Section 2.1.4 the paper lists the benefits of the pipe syntax over CTEs, and they are all based on ergonomics. As someone who has never had issues with the ergonomics of CTEs I must say I am not convinced that proposed syntax is better. It may be that I've been doing SQL for so long that I don't see its warts. Overall SQL feels like a very well designed and consistent language to me. The new pipe syntax appears to bolt on an imperative construct to an otherwise purely functional language.

tmoertel · on Aug 28, 2024

> The new pipe syntax appears to bolt on an imperative construct to an otherwise purely functional language.

It's not imperative. The pipe symbol is a relational operator that takes one table as input and produces one as output. It's still purely functional, but it has the advantage of making the execution order obvious. That is, the order is a linear top-down flow, not the inside-out flow implicit in vanilla SQL. Further, when your wanted flow doesn't match vanilla SQL's implicit ordering, you don't have to invent CTEs to wire up your flow. You just express it directly.

As for ergonomics, consider a simple task: Report some statistics over the top 100 items in a table. Since LIMIT/ORDER processing is last in vanilla SQL's implied ordering, you can't directly compute the stats over the top items. You must create a CTE to hold the top items and then wire it into a second SELECT statement to compute the stats. That's busywork. With pipe syntax, there's no need to invent that intermediate CTE.

geertj · on Aug 29, 2024

> It's not imperative. The pipe symbol is a relational operator that takes one table as input and produces one as output.

Maybe I used the wrong term. In my mental model, the query planner decides the order in which the query is evaluated based on what table stats predict is most efficient query plan, and I actually don't really want to think about the order too much. For example, if I create a CTE, I don't necessarily want it to be executed in that order. Maybe a condition on the later query can be pushed back into the earlier CTE so that less data can be scanned.

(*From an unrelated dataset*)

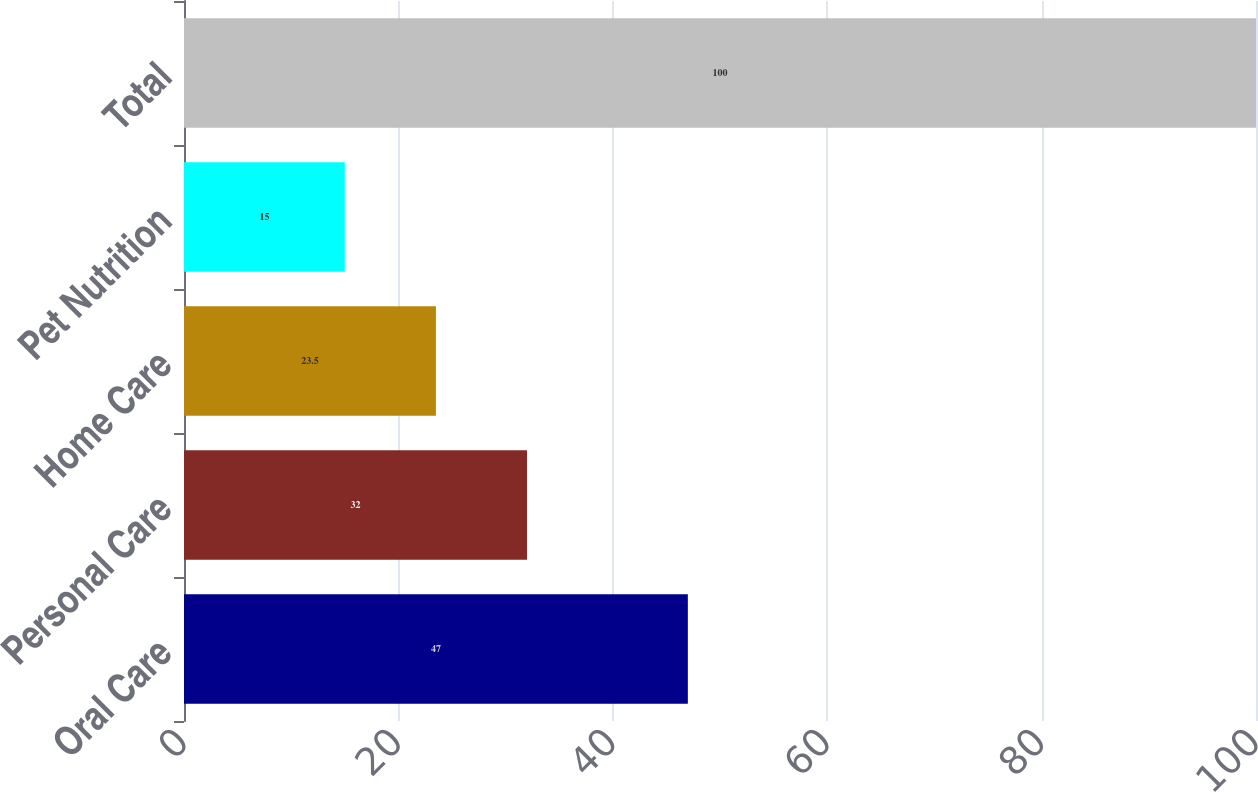Convert chart to OTSL. <chart><loc_0><loc_0><loc_500><loc_500><bar_chart><fcel>Oral Care<fcel>Personal Care<fcel>Home Care<fcel>Pet Nutrition<fcel>Total<nl><fcel>47<fcel>32<fcel>23.5<fcel>15<fcel>100<nl></chart> 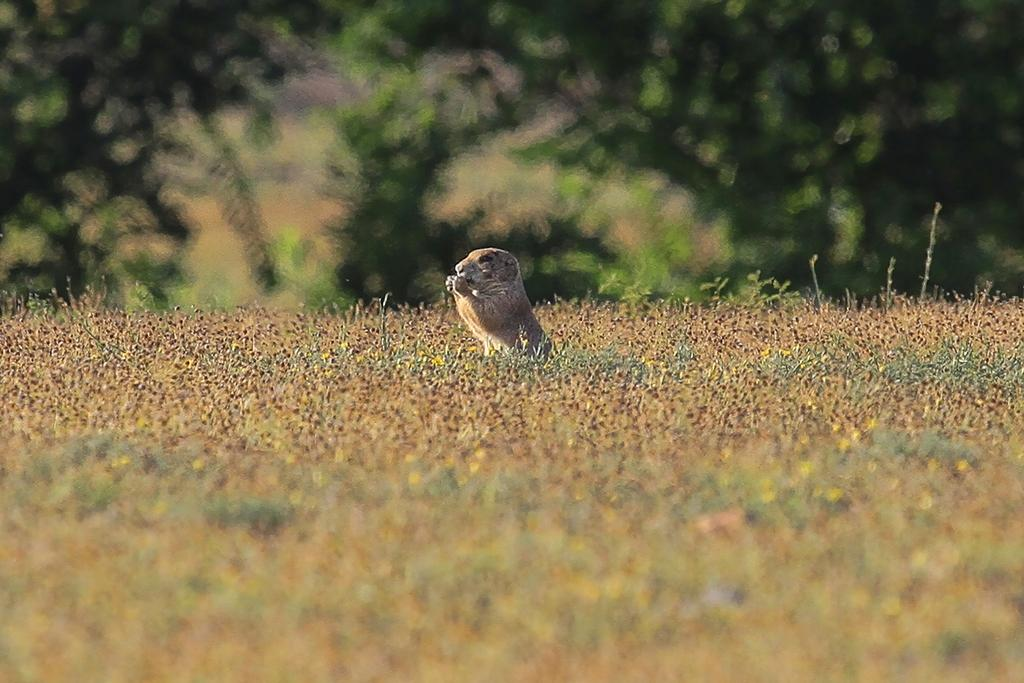What type of living creature is in the image? There is an animal in the image. What type of vegetation is present in the image? There is grass and trees in the image. How would you describe the background of the image? The background of the image is blurred. What type of drink is the animal holding in the image? There is no drink present in the image; the animal is not holding anything.

I will admit that technically there should be no difference in how a query planner handles either. But to me the pipe syntax does not hint as much at these non-linear optimizations than CTEs do. I called the CTE syntax more functional as it implies less to me.

> but it has the advantage of making the execution order obvious.

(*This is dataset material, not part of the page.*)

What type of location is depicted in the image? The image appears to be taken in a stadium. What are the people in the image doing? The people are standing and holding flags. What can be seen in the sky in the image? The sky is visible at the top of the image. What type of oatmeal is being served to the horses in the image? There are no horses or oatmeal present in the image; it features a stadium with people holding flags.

So we're back to ergonomics which I just never had an issue with...

> As for ergonomics, consider a simple task: Report some statistics over the top 100 items in a table. Since LIMIT/ORDER processing is last in vanilla SQL's implied ordering, you can't directly compute the stats over the top items.

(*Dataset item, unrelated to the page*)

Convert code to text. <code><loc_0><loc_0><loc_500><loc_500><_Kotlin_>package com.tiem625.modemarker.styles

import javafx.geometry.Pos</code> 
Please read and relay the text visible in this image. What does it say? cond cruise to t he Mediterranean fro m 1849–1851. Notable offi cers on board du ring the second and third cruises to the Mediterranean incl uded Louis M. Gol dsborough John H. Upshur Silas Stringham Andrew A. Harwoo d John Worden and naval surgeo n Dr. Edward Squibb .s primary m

Could I not compute the stats over all values, then order and limit them, and depend on the query planner to not do the stat calculation for items outside the limit? If the order/limit does not depend on a computed statistic that should be possible? Or does that not happen in practice?

tmoertel · on Aug 29, 2024

No, the wanted stats are a function of the top 100 items.

As a concrete example, consider computing the average sales volume by category for the top 100 items. Here's the vanilla SQL for it:

    WITH
      TopItems AS (
        SELECT category, sales_volume
        FROM Items
        ORDER BY sales_volume DESC
        LIMIT 100
      )
    SELECT category, AVG(sales_volume) AS avg_sales_volume
    FROM TopItems
    GROUP BY category;

Because ORDER/LIMIT processing is implicitly last in vanilla SQL, if you need to do anything after that processing, you must do it in a new SELECT statement. Thus you must capture the ORDER/LIMIT results (e.g., as a CTE or, heaven forbid, as a nested SELECT statement) and then wire those results into that new SELECT statement via its FROM clause.

In contrast, with SQL pipes you can express any ordering you want, so you can feed the ORDER/LIMIT results directly into the statistical computations:

    FROM Items
    |> ORDER BY sales_volume DESC
    |> LIMIT 100
    |> AGGREGATE AVG(sales_volume) AS avg_sales_volume
       GROUP BY category

That's way simpler and the data flows just as it reads: from top to bottom.

geertj · on Aug 29, 2024

Okay, thanks for that example. The ability of the pipe syntax to re-order the standard SQL pipeline order does indeed provide for more compact queries in this case.

RaftPeople · on Aug 25, 2024

> What’s wrong with CTEs though?

At least in SQL Server CTE's are syntax level, so multiple uses of a CTE in a query causes it to get expanded in each of those places, which typically increases the complexity of the query and can cause issues with the optimizer and performance.